AMSA Announces Symposium Speakers on ‘Global Livestock Production Sustainability’ AND Food Safety Risks and Interventions: Realities, Opportunities, and Goals

The American Meat Science Association (AMSA) is pleased to announce, Dr. Jude Capper and Dr. C. Alan Rotz will be the featured speakers in the concurrent symposium entitled “Global Livestock Production Sustainability” on Tuesday, August 4, 2020 during the 66th International Congress of Meat Science and Technology (ICoMST) and the AMSA 73rd Reciprocal Meat Conference (RMC) exclusively virtual meeting. This session will be sponsored by Zoetis.

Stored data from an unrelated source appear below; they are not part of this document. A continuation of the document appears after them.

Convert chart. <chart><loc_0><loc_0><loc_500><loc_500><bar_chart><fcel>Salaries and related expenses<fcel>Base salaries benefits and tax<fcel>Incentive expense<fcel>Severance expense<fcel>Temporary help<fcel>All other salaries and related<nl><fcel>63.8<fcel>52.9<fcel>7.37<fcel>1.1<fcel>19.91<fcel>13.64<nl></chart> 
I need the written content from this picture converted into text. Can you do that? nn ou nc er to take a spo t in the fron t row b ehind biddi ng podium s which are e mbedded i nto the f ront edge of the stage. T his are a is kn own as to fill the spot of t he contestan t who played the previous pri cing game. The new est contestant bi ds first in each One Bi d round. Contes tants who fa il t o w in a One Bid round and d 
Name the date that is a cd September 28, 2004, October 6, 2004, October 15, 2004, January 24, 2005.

The featured presentations include:

Livestock Sustainability – Do Size, System or Species Matter?: Sustainability has become a key concern for all food system stakeholders, yet we are often talking at cross purposes or about conflicting issues. As concerns increase regarding greenhouse gas emissions, water use, antimicrobial resistance, plant-based meat alternatives and the cost of food, how do we continue to be sustainable? Is there an ideal system, species or size of operation, or do we have to think beyond the fence lines of meat production? The barriers and opportunities to maintaining sustainability will be discussed by Dr. Jude Capper, Independent Livestock Sustainability Consultant, in this session, both at the national and global level.

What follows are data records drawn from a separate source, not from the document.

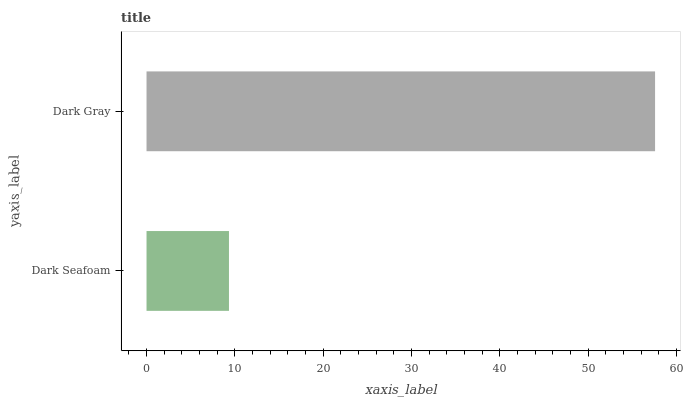Is Dark Seafoam the minimum?
Answer yes or no. Yes. Is Dark Gray the maximum?
Answer yes or no. Yes. Is Dark Gray the minimum?
Answer yes or no. No. Is Dark Gray greater than Dark Seafoam?
Answer yes or no. Yes. Is Dark Seafoam less than Dark Gray?
Answer yes or no. Yes. Is Dark Seafoam greater than Dark Gray?
Answer yes or no. No. Is Dark Gray less than Dark Seafoam?
Answer yes or no. No. Is Dark Gray the high median?
Answer yes or no. Yes. Is Dark Seafoam the low median?
Answer yes or no. Yes. Is Dark Seafoam the high median?
Answer yes or no. No. Is Dark Gray the low median?
Answer yes or no. No. 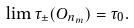<formula> <loc_0><loc_0><loc_500><loc_500>\lim \tau _ { \pm } ( O _ { n _ { m } } ) = \tau _ { 0 } .</formula> 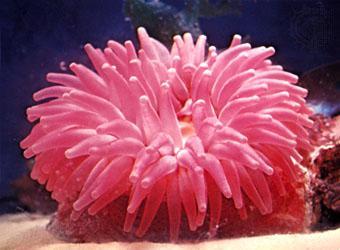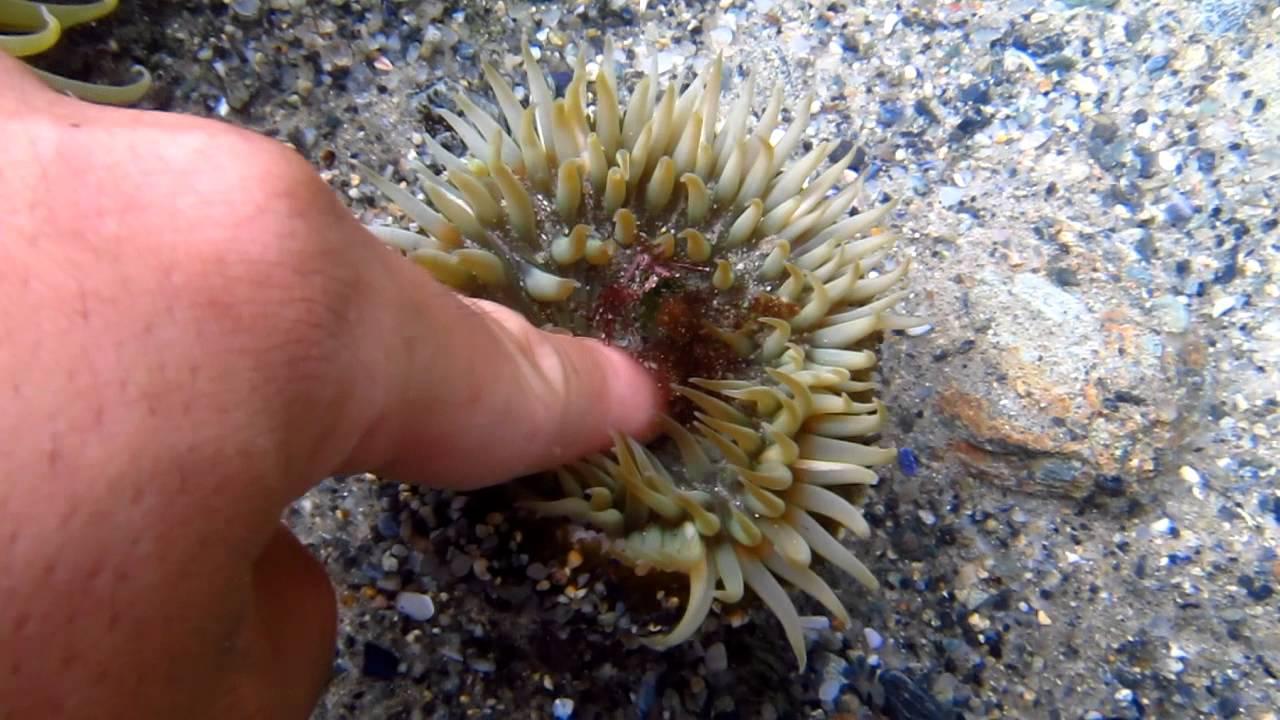The first image is the image on the left, the second image is the image on the right. Analyze the images presented: Is the assertion "Another creature is amongst the coral." valid? Answer yes or no. Yes. The first image is the image on the left, the second image is the image on the right. For the images shown, is this caption "An image shows a round pinkish anemone with monochrome, non-ombre tendrils." true? Answer yes or no. Yes. 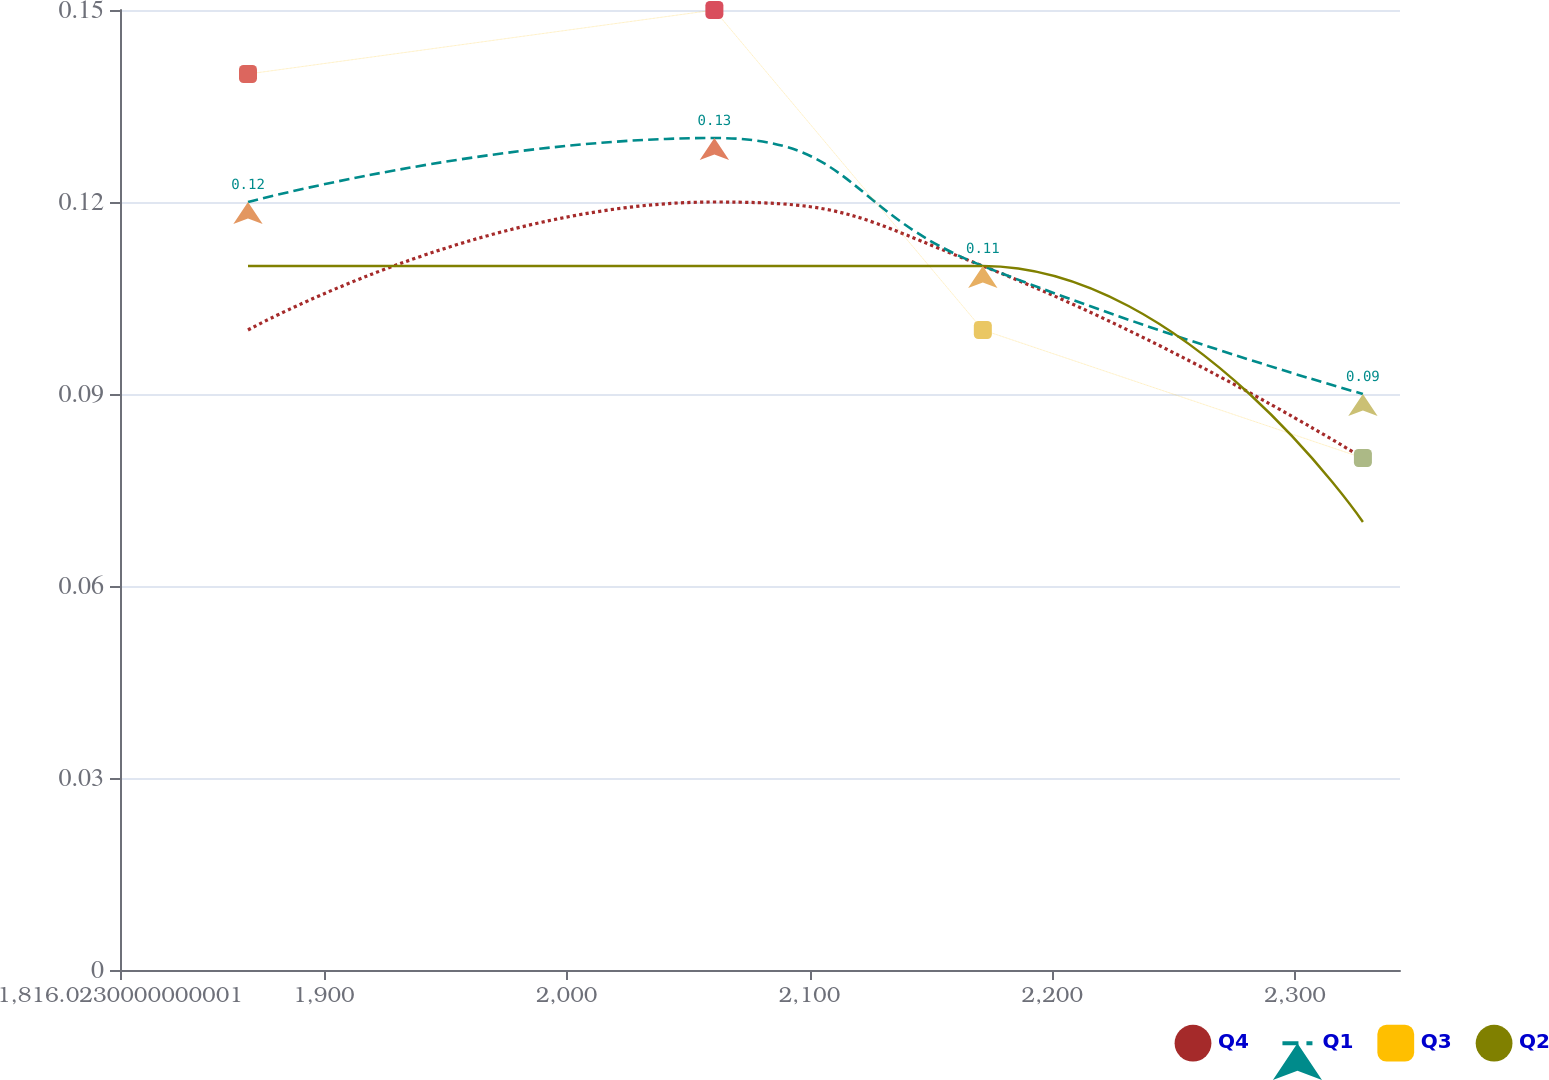<chart> <loc_0><loc_0><loc_500><loc_500><line_chart><ecel><fcel>Q4<fcel>Q1<fcel>Q3<fcel>Q2<nl><fcel>1868.74<fcel>0.1<fcel>0.12<fcel>0.14<fcel>0.11<nl><fcel>2060.82<fcel>0.12<fcel>0.13<fcel>0.15<fcel>0.11<nl><fcel>2171.38<fcel>0.11<fcel>0.11<fcel>0.1<fcel>0.11<nl><fcel>2327.92<fcel>0.08<fcel>0.09<fcel>0.08<fcel>0.07<nl><fcel>2395.91<fcel>0.06<fcel>0.07<fcel>0.05<fcel>0.07<nl></chart>

Environmental Sustainability of Livestock Production: With a growing global demand for livestock products and increasing concern over their environmental impacts, methods are needed for assessing and improving the sustainability of production systems. Life cycle assessment is a tool that is widely used to quantify and compare the environmental sustainability of agricultural as well as other products and services. Life cycle assessments of livestock production have focused on greenhouse gas emissions, but livestock may not have the impact on global warming that is promoted. Livestock, particularly ruminants, and their manure produce a lot of methane, which is a powerful greenhouse gas, but this gas oxidizes in the atmosphere leaving no long-term impact. More important environmental concerns, particularly in developed countries, may be water use and ammonia emissions from pastures and housing facilities. The major environmental impact though of livestock products and most other foods is waste, primarily from the consumer. In this session Dr. C. Alan Rotz, Agricultural Engineer for the United States Department of Agriculture’s Agricultural Research Service, will discuss the many strategies being evaluated to reduce emissions and resource consumption in livestock production, including methods that are both highly effective and economical for implementation that are not readily available and more difficult to develop.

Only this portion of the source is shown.